Less than 100 tapes in mezsilo, will need to add more.
- Analysis SAM stations
221 projects, 0.7TB consumed, 500 GB transferred in, and 50 GB out
D0Karlsruhe 24 projects, xx TB consumed, 0.0TB transferred in
CAB 221 projects, 7 TB consumed, 2.5 TB transferred in
D0mino: 636 projects run ~10 TB consumed (5.0/0.5 TB in/out),
- No report.
- Friday STKen disk cache upgraded. Caused some problems for transfers.
- ADIC cannot come out tomorrow. D0 downtime to upgrade pc cancelled till
1st Tuesday of next month. Developers want to upgrade mover code and
restart movers, around 10 a.m. tomorrow.
- New tapes went into D0 robot this morning.
- CDF migration. Finished reading CDF tapes a second time. Will recycle
the tapes. Waiting for CDF list of additional tapes to copy.
- Thursday 3/6, 6:30 a.m. reverse path check re-enabled on fcc core router
interfaces. No distruption anticipated.
- Migrating OSPF config on routers to more secure (MD5) authentication.
CD LAN interface & WH/bourder router link this week.
No disruption anticipated.
- Lot of electrical work on FCC2.
- SMTP gateways behind a load balancing switch running new code.
- Listserver slow response issue is back. Scheduled to upgrade software
- Sitewide NETbios block April 1.
Exceptions for servers that need offsite access.
- Farm eval's ramping up this week. Lots of interaction with vendors.
- Farms installed a new rsync product.
- Downtime on D0bbin tuesday morning to improve performance.
- Maintenance contracts: getting ready for charge out process in early May.
Another round in June.
- CDserver down from 3-6 on saturday for upgrade to w2000.
- Two fess servers upgraded to win2k and moved into fermi domain.
- Four latest security patches applied to production machines. Done.

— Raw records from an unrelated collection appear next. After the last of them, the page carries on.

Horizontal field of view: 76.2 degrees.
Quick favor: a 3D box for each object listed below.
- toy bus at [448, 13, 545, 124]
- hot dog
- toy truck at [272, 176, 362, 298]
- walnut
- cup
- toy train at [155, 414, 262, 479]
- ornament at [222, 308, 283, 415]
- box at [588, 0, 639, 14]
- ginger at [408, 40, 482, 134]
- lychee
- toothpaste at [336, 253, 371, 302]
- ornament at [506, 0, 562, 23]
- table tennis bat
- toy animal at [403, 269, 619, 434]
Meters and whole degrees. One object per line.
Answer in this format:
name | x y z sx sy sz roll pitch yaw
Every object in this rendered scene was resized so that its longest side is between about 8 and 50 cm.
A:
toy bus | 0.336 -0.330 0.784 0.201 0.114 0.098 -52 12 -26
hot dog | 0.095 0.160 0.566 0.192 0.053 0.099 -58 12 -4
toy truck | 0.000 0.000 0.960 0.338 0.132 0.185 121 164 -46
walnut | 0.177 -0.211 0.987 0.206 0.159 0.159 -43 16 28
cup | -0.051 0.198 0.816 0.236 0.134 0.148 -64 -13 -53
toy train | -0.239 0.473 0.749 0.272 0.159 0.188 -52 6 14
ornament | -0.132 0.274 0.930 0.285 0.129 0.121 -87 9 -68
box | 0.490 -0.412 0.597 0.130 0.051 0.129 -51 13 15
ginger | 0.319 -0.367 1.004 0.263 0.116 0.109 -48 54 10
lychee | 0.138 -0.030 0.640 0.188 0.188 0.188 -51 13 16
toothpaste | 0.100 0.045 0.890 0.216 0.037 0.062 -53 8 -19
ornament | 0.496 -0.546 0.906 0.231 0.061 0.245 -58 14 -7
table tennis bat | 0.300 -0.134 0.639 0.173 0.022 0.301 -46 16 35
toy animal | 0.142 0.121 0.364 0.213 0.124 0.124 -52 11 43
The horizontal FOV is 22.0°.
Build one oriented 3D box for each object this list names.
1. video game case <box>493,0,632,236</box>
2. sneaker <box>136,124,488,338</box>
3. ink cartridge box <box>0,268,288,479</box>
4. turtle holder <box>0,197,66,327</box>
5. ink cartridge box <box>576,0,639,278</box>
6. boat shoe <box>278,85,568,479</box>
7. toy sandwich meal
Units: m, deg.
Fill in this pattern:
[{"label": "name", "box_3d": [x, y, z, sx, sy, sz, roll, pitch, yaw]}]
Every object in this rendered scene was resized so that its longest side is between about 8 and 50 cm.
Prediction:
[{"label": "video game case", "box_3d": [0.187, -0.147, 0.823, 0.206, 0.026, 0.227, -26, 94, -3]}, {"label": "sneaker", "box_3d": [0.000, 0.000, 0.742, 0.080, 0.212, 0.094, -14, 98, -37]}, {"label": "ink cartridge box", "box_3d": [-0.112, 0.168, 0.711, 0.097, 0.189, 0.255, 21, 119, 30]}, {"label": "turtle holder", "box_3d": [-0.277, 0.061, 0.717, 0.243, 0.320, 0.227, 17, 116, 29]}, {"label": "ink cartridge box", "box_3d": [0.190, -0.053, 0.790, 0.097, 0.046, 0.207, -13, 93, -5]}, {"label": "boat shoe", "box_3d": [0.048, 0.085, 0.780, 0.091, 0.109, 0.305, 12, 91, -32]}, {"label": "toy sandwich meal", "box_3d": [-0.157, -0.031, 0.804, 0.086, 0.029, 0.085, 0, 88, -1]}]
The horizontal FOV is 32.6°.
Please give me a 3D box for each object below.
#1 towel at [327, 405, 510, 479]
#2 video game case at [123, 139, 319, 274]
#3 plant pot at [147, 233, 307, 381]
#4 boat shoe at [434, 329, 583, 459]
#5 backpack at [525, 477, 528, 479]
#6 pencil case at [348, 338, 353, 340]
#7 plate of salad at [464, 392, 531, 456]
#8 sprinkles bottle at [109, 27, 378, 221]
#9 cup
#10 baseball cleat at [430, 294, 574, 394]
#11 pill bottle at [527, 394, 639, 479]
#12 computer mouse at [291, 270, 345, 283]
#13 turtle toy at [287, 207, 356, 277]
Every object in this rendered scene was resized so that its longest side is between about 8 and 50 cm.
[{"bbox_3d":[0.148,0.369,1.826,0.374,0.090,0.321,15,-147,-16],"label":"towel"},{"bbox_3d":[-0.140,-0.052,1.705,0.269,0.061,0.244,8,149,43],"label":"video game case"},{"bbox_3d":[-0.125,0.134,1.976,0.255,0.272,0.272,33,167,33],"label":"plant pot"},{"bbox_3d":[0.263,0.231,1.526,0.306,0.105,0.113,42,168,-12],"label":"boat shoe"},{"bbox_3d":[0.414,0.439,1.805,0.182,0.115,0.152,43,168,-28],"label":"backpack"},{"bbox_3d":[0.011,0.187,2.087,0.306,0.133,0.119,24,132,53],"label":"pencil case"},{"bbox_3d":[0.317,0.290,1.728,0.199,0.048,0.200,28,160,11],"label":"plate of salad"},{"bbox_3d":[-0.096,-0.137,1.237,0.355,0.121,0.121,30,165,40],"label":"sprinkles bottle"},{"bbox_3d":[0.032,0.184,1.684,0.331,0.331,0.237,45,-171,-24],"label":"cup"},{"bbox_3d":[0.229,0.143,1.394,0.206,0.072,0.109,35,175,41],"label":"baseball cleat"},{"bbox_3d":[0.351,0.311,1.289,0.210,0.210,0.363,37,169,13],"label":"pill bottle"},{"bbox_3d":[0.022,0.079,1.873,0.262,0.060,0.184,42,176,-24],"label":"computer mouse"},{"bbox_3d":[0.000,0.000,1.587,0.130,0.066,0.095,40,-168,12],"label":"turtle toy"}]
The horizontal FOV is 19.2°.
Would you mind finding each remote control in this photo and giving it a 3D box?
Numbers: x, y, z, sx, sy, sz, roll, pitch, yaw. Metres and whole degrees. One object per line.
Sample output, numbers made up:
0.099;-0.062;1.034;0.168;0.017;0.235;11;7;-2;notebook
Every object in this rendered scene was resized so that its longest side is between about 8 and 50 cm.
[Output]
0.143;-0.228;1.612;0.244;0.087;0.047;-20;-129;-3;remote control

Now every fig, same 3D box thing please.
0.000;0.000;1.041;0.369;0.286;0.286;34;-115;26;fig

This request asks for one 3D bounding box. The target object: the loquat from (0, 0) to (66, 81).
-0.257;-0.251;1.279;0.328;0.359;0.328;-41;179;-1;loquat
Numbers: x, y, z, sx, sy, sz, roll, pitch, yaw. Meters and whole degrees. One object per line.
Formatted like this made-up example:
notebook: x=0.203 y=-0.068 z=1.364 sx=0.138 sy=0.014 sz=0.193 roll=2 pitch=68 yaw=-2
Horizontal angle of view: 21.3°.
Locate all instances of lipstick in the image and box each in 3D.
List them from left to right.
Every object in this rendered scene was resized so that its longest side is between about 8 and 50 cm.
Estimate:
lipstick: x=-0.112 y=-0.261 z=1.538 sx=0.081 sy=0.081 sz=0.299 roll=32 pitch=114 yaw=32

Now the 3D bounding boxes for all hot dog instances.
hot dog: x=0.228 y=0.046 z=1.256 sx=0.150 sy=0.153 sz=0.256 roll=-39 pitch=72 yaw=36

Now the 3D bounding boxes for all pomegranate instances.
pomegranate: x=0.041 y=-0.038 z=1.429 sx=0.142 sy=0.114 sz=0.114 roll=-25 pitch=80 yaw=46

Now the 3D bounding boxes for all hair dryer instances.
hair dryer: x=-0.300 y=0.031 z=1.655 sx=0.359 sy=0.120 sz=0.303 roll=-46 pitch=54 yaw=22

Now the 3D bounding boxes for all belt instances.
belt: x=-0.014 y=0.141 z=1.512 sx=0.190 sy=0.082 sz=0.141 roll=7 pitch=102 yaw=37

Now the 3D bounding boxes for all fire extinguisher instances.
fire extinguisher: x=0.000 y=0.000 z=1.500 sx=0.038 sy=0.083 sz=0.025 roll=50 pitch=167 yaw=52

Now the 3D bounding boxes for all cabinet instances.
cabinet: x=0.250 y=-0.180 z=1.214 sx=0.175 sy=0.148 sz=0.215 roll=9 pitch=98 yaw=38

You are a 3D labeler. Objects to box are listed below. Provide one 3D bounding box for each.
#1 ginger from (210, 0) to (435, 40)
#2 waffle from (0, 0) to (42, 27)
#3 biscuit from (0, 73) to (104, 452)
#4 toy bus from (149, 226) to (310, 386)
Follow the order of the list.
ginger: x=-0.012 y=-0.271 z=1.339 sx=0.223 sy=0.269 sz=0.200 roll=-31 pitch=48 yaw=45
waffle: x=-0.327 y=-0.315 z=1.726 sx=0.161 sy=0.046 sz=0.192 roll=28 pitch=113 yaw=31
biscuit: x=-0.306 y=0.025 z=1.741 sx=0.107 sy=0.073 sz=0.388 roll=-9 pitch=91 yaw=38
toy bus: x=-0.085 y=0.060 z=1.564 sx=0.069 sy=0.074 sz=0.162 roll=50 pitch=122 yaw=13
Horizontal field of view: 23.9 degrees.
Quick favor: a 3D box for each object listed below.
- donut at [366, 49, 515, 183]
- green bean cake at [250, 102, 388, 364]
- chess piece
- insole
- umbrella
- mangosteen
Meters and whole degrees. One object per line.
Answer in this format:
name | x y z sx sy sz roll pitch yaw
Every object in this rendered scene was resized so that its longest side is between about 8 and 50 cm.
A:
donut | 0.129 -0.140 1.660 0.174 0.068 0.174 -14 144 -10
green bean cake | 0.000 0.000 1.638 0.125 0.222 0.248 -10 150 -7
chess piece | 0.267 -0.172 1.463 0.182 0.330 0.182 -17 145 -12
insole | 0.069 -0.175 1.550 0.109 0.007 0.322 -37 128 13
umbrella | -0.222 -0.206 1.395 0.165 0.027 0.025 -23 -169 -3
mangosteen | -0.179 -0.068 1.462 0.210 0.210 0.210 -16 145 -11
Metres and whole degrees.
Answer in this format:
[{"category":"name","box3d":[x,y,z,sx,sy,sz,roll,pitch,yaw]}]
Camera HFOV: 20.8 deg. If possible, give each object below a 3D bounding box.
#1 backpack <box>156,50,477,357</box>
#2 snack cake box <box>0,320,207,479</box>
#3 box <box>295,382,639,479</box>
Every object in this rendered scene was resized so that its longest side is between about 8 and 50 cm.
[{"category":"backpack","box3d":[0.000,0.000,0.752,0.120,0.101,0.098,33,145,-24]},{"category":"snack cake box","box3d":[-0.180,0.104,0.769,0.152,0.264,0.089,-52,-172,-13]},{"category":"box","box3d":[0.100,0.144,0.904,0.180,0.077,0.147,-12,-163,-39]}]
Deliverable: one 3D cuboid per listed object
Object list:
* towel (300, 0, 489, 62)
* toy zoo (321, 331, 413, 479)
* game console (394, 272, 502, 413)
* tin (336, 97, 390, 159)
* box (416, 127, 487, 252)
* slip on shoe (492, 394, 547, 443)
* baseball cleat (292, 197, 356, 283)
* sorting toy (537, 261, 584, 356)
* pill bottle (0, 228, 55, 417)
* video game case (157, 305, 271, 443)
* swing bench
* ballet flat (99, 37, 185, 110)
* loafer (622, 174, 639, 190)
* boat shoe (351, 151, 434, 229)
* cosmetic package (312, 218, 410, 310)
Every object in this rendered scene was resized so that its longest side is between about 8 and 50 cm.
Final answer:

- Another disk added to rman backups for d0ofprd1. Last of 17 GB disks
allloted for backups. When it fills, plans to send backups to another disk
- Designer work for final erd for CDF sam changes.
- Project account work coming up: shutdown 3 p.m. friday march 28- Monday
march 31 for miscomp.
- Oracle freeware taking stock meeting coming up.
- Trouble shooting boards for far detector electronics for Minos.
- Testbeam board for BTeV finished.
- Scheduled moved on FCC3 completed.
- 3 technicians will receive iron man certificates for no sick leaves taken.
- progress on WPAS.
- Julie showed metrics for databases
Average of 10 licenses used at CDF, and 10 at D0.
- Developments on work on D0 event model. Phillipe will have
to work on making some changes on root. Two projects to work
on root at D0.
- project with D0 on level 2 trigger and alpha processor board.
Has delivered project to D0.
- At CDF there has been a 12 KHz limit
imposed by silicon. Limit is while they investigate problems that
occur at high trigger rate. On Friday there was a shift from
investigation to implementation phase: a monitor will be implemented
and the limit will be taken off.
Planning and Customer Support
- WPAS due Wednesday.
- Travel budget allocation will be sent out soon.
- Congress approved budget: but we do not have budget for directorate yet.
Then will spread it out over budget codes.
- Visual media services will have a statement about the use of the
- Send your news items to gotnews.
- Office moves went well last week.
- D0 silo cleaning.
Expecting to receive final report from Chemir.
PO prepared to clean the empty silo. Vendor has experience with clean rooms.
- PC farm heat problem
Modified information to vendors.
Received report from Bob Forster.
- Get your WPAS in on time.
- Don't panic over effort reporting. We're working on improving it.
- P5 review may cause us some extra effort.
Open presentations on March 26 in 1W.